Welcome to the ultimate destination for celebrating the unsung heroes of the dog rescue world. At Rescue Spotlight, we're dedicated to highlighting the remarkable journeys of rescue organizations and the incredible individuals behind them.

Whether you seek heartwarming tales of second chances, inspiring stories of rescue missions, or practical insights into the world of dog adoption, you'll find it all here.

Today, we're privileged to interview Jeanna Wright, one of the devoted people behind Bluegrass Bully Rescue You can find a direct link to their Instagram here.

Here is their story:

What inspired you to start or become involved with this rescue organization?

Wright: I fostered a dog back in 2015 and failed almost immediately. I became more involved with that rescue and eventually left there to start this rescue with some friends.

Can you tell us about a particularly memorable rescue mission or adoption story that stands out to you?

Wright: Back in 2020 we took in a dog and I was the one who picked him up to bring him to his foster. He was easily the thinnest dog I had ever seen. You could see every bone in his body. He had sores on his back and his head. I just wasn’t prepared for his condition. He laid down in my lap as I drove. It was like he knew he was finally safe.

What are some of the biggest challenges you face as a rescue organization, and how do you overcome them?

Wright: The two biggest challenges are funding and fosters. We are a foster-based rescue so we cannot take in dogs if we don’t have foster homes available. We are reliant on donations to be able to provide food, toys, puppy pads, and vetting to the dogs we have in rescue.

How do you select the dogs that your organization takes in, and what criteria do you use for adoption?
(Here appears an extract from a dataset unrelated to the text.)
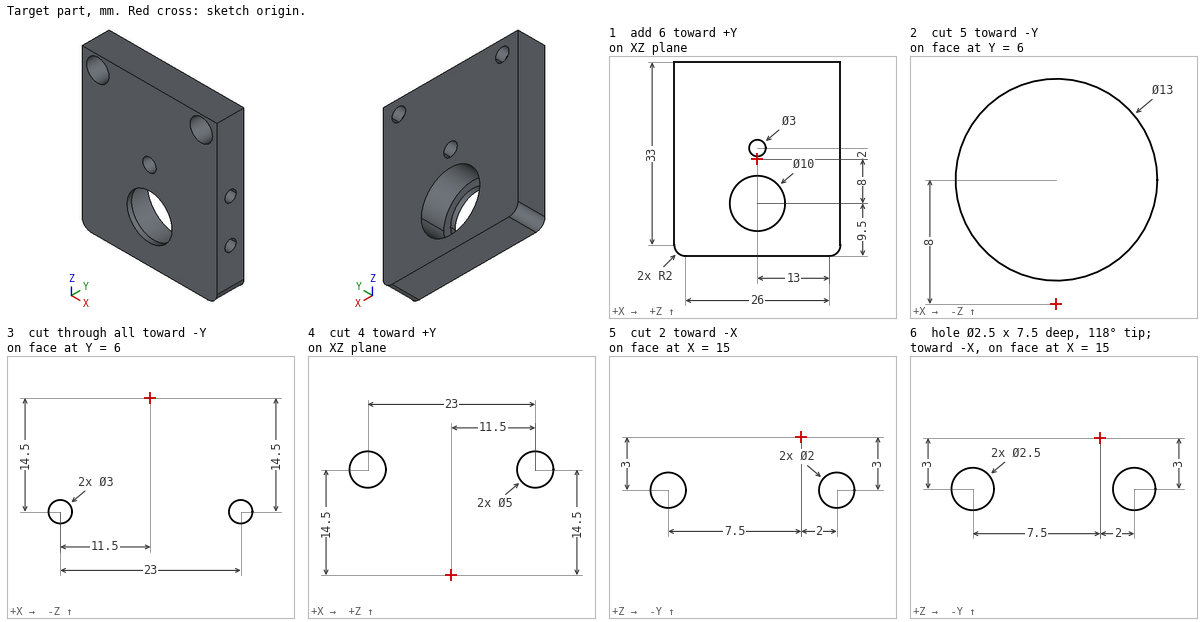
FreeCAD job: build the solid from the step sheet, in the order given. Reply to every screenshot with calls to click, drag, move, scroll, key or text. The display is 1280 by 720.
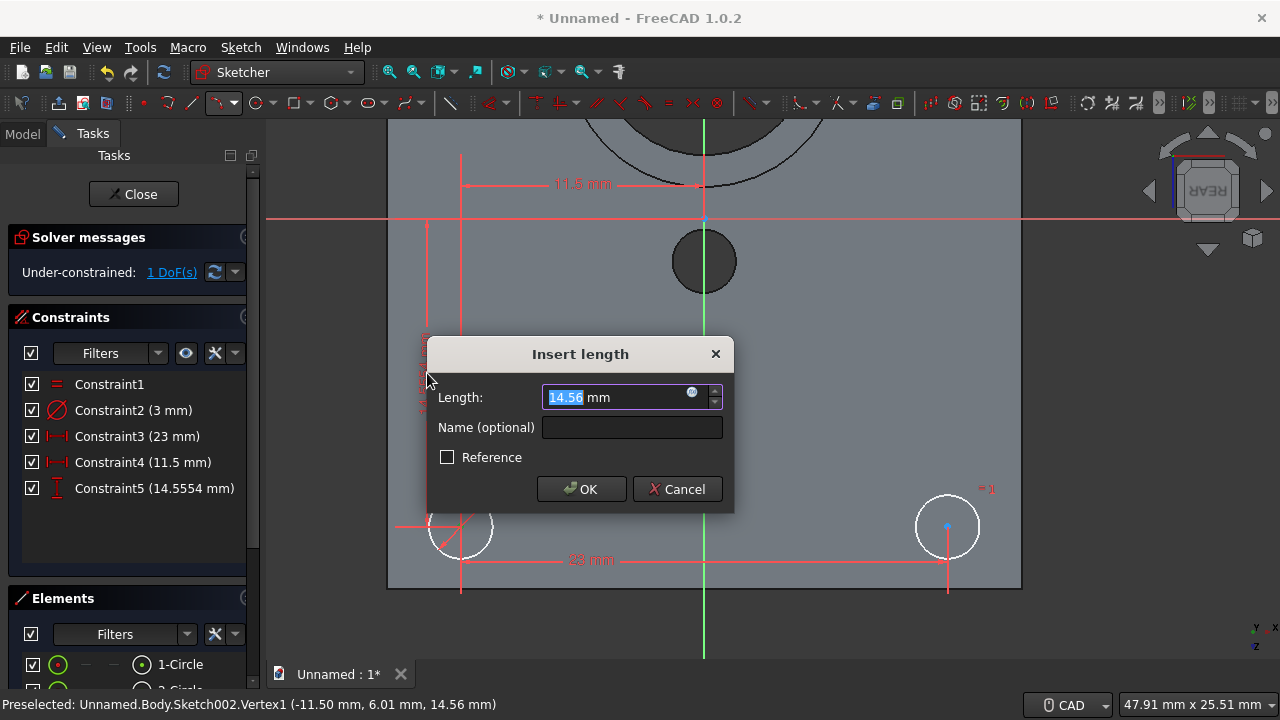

Wright: Intake is based on foster homes available to an extent. Dogs over 6 months old we do not commit to unless we have met the dog to determine their personality. Also based on funding availability at the time. Criteria for adoption is based on vet checks, all animals in the home must be up to date on vaccinations and spayed or neutered. We also do a home visit to ensure the home is safe and to interview the residents of the home.

In what ways do you work to rehabilitate and socialize dogs before they are adopted?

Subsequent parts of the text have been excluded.